Она заплакала, закрыв лицо руками. Он ни о чем не спрашивал ее, пока она не успокоилась. А когда она перестала плакать и вытерла глаза, спросил:
— Ты о чем плакала?
— О том, что без тебя я, быть может, прожила больше, чем проживу с тобой.
— Жаль, что ты не сказала об этом мне сразу: я поплакал бы вместе с тобой, Герпиллида, — сказал Аристотель.
Они поднялись к Парфенону, как в тот день.
— Скажи мне то, что ты говорил тогда, — попросила Герпиллида.
— Если бы я помнил, я бы сказал. Впрочем, я, пожалуй, помню, о чем я говорил. Но я не смогу сказать так, как говорил тогда. Да и надо ли, Герпиллида? Мы стали иными людьми. И меня уже менее всего волнует отблеск солнца на золотом наконечнике копья Афины Промахос… Менее всего, Герпиллида, меня теперь волнует то, что создано людьми, потому что и самое надежное из созданного ими — пройдет. Моя мысль забредает во все более далекие дали, где нет и следов человека. Туда, где обитает сама истина. И вот почему, Герпиллида: если время разрушит все, если люди разрушат все, что создано их руками, ничего не возродится без знаний. Или понадобятся тысячелетия, чтобы дикарь вновь стал человеком… Надо делать сейчас главное: извлекать истину из ее далеких далей. Извлекать и высевать щедро на всей земле. Это единственное, что взойдет из-под камней и пепла развалин, главный хлеб человечества…
— Разве сейчас на земле так худо, Аристотель? — спросила Герпиллида. — Посмотри: такая тишина, такая чистота, такая благодать — прекрасный город под нами, а за ним поля, сады. И люди спокойны, они трудятся. Не пылают пожарища, не звенят мечи… О чем ты говоришь, Аристотель? О каких развалинах и пепелищах? Мы из крови и плоти, мы горячи и подвижны, мы обладаем волей, мы рождаем себе подобных, мы создаем вещи, мы создаем вот это, — Герпиллида повела перед собой рукой. — Мы создали достойное великой души и великого ума.

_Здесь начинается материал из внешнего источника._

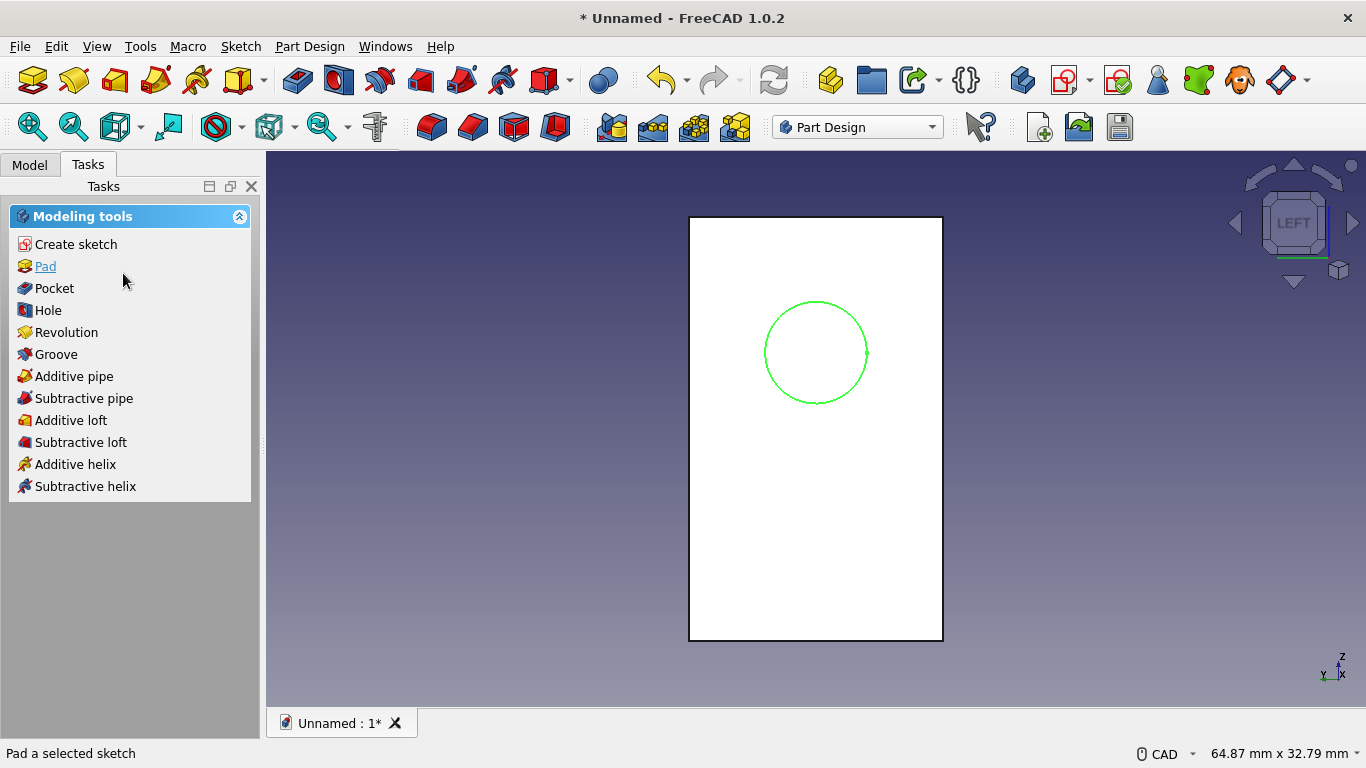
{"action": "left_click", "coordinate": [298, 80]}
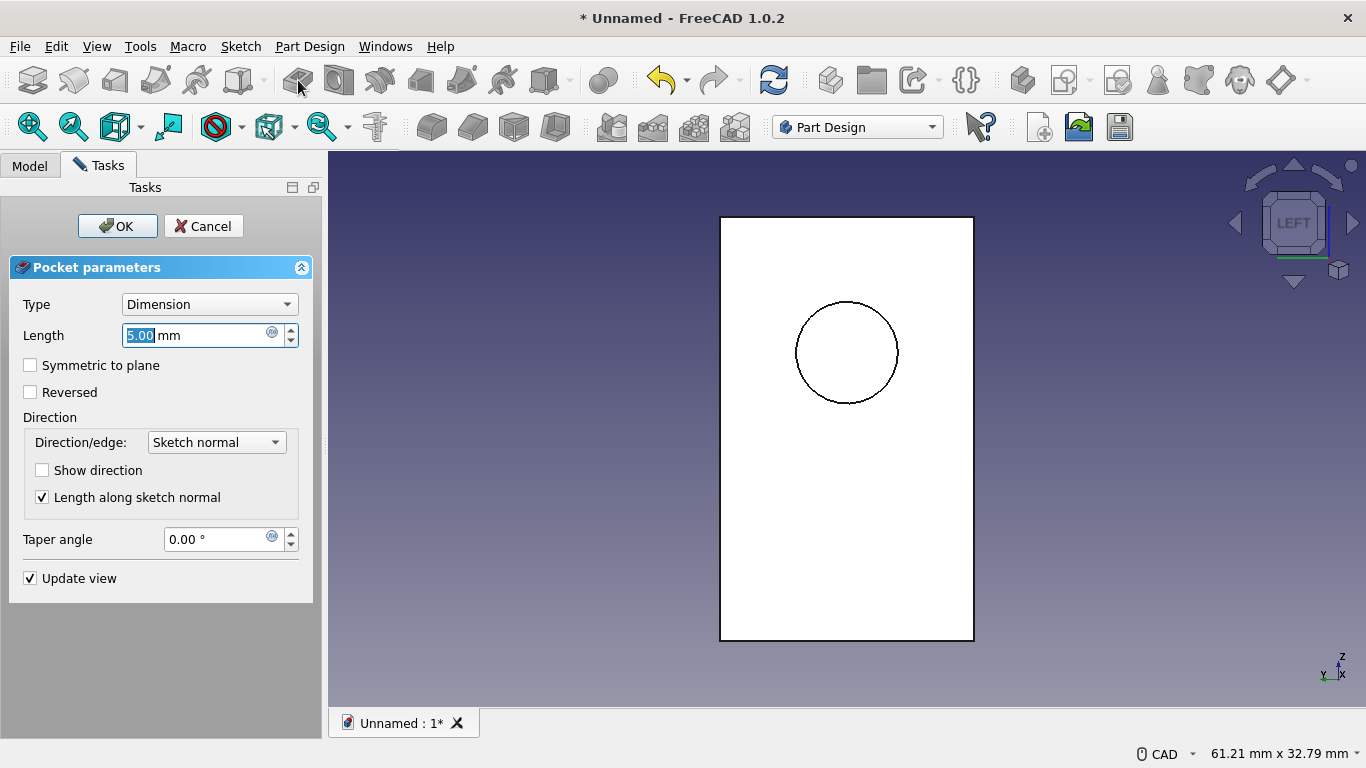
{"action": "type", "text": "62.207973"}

Душа и ум приведут нас к истинам, которые уравняют нас с бессмертным и совершенным…
— Только это, — сказал Аристотель, — только это последнее — правда. Все же прочие слова, сказанные мною тогда и повторенные тобою теперь, Герпиллида, — поэзия…
Солнце клонилось к закату. Люди покидали Акрополь. Близилась ночь — ночь пиров, игр, веселых и страшных снов, любовных песен, рождений и смертей, надежд и отчаяния. Все боги бесчинствуют ночью в Афинах, и люди торопятся под крыши, которые их не защищают.
— Пойдем и мы, — сказал Аристотель. — Мы сделали то, что хотели, Герпиллида: начали новый круг нашей жизни. И я рад этому.
— Скажи еще что-нибудь, — попросила счастливая Герпиллида. — Еще хоть что-нибудь…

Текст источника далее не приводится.